= Records from a collection =
──────
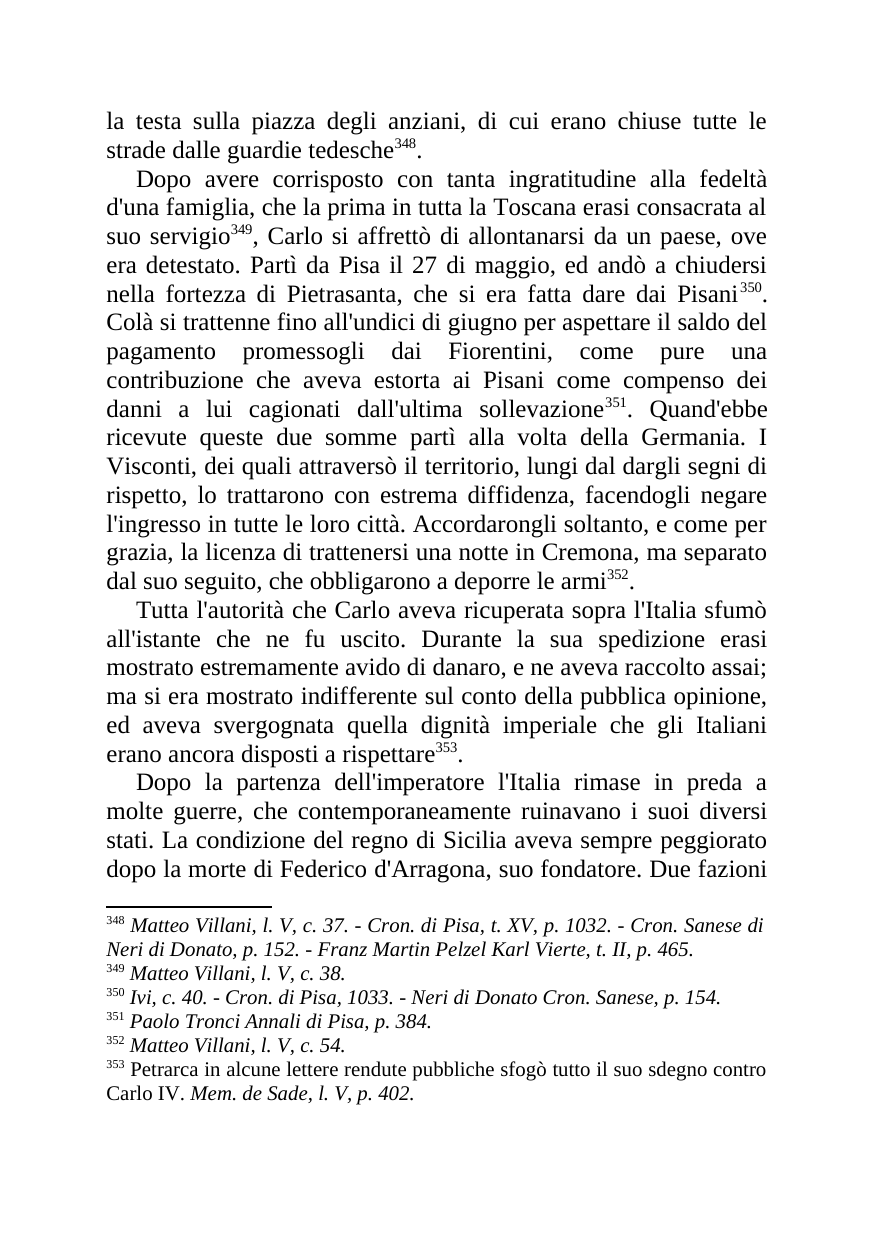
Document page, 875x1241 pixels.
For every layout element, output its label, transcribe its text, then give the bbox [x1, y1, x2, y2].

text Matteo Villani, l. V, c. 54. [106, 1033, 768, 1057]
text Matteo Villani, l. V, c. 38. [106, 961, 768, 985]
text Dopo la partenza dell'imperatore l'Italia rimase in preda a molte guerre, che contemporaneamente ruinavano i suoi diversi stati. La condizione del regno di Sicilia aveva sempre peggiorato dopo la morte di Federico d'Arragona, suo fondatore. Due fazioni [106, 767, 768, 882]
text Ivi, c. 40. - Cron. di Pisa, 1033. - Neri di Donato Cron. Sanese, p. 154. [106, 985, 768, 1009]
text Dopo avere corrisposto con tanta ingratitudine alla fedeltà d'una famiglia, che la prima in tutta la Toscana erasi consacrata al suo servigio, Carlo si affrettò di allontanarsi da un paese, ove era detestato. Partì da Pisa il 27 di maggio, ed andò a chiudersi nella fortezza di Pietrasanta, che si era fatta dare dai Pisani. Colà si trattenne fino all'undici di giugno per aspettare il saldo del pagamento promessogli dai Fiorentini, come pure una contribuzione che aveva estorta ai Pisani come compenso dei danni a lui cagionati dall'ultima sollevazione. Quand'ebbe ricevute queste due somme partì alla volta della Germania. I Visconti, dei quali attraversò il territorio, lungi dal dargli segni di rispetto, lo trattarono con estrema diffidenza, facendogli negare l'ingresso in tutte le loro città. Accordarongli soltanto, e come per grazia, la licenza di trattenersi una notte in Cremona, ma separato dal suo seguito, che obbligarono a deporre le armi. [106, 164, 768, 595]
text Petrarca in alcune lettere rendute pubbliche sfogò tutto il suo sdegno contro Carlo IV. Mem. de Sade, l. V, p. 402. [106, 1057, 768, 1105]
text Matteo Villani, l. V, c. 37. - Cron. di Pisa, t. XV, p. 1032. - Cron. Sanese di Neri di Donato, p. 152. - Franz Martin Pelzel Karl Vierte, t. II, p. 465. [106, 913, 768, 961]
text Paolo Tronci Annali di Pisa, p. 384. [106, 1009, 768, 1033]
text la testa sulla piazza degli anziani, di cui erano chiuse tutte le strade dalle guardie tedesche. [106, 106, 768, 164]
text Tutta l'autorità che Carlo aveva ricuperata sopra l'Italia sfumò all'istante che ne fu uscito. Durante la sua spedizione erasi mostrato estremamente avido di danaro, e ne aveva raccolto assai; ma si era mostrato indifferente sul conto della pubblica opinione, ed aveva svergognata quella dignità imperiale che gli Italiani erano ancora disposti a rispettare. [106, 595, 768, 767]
──────
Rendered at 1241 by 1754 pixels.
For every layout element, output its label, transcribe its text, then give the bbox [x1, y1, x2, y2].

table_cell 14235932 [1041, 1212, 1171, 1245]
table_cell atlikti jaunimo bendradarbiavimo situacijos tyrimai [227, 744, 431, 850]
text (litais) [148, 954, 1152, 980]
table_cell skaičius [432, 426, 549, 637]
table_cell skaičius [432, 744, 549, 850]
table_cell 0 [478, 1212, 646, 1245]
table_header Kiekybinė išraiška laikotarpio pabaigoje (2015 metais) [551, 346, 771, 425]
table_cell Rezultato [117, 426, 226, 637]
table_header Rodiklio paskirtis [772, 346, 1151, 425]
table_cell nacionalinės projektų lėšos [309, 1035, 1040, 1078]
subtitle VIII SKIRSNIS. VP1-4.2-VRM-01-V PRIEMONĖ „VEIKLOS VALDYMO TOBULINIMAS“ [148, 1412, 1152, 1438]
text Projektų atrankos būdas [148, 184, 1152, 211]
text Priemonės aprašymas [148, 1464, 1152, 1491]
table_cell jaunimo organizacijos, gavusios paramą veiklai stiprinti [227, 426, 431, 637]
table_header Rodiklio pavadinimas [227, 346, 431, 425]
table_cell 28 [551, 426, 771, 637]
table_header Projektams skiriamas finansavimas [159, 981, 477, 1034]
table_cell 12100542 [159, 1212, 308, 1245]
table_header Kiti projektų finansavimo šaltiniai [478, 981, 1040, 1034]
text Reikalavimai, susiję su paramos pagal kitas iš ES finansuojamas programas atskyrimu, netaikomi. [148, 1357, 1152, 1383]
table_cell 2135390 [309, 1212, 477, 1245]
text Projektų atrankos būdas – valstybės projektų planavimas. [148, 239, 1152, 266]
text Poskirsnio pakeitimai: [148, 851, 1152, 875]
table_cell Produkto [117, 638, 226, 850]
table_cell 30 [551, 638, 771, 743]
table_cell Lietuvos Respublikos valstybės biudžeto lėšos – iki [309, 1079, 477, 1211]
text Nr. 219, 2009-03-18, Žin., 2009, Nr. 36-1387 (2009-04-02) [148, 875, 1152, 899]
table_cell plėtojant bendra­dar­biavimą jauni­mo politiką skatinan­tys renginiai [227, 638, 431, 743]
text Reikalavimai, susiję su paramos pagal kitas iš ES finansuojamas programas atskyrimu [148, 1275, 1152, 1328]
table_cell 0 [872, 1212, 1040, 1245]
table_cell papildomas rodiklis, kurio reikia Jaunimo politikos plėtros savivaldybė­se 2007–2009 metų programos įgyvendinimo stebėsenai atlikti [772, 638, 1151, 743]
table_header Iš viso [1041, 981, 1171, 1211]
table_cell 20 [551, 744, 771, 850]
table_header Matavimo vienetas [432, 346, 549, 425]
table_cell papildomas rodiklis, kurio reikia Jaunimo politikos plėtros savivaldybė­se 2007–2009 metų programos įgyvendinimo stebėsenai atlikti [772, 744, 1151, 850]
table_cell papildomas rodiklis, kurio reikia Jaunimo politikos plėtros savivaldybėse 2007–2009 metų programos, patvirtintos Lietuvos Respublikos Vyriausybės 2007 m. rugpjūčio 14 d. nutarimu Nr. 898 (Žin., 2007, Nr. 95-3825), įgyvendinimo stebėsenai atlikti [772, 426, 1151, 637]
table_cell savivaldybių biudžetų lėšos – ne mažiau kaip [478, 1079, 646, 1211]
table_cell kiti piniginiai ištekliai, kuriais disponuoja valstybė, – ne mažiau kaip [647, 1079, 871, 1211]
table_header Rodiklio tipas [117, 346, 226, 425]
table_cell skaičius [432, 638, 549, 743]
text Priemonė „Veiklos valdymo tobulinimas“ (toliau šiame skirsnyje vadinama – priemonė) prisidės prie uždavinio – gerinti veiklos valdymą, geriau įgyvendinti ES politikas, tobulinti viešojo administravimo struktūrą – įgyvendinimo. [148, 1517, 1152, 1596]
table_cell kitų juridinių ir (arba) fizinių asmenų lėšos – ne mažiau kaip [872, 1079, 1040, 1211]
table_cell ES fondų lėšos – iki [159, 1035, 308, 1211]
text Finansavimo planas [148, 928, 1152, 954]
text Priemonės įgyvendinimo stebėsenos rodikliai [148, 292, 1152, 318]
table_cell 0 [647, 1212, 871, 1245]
──────
= What to produce =
Give again exactly, and only, the lines above starting at the one with "Document page, 875x1241 pixels." and ending at the one with "text Matteo Villani, l. V, c. 38.".

= Response =
Document page, 875x1241 pixels.
For every layout element, output its label, transcribe its text, then give the bbox [x1, y1, x2, y2].

text Matteo Villani, l. V, c. 54. [106, 1033, 768, 1057]
text Matteo Villani, l. V, c. 38. [106, 961, 768, 985]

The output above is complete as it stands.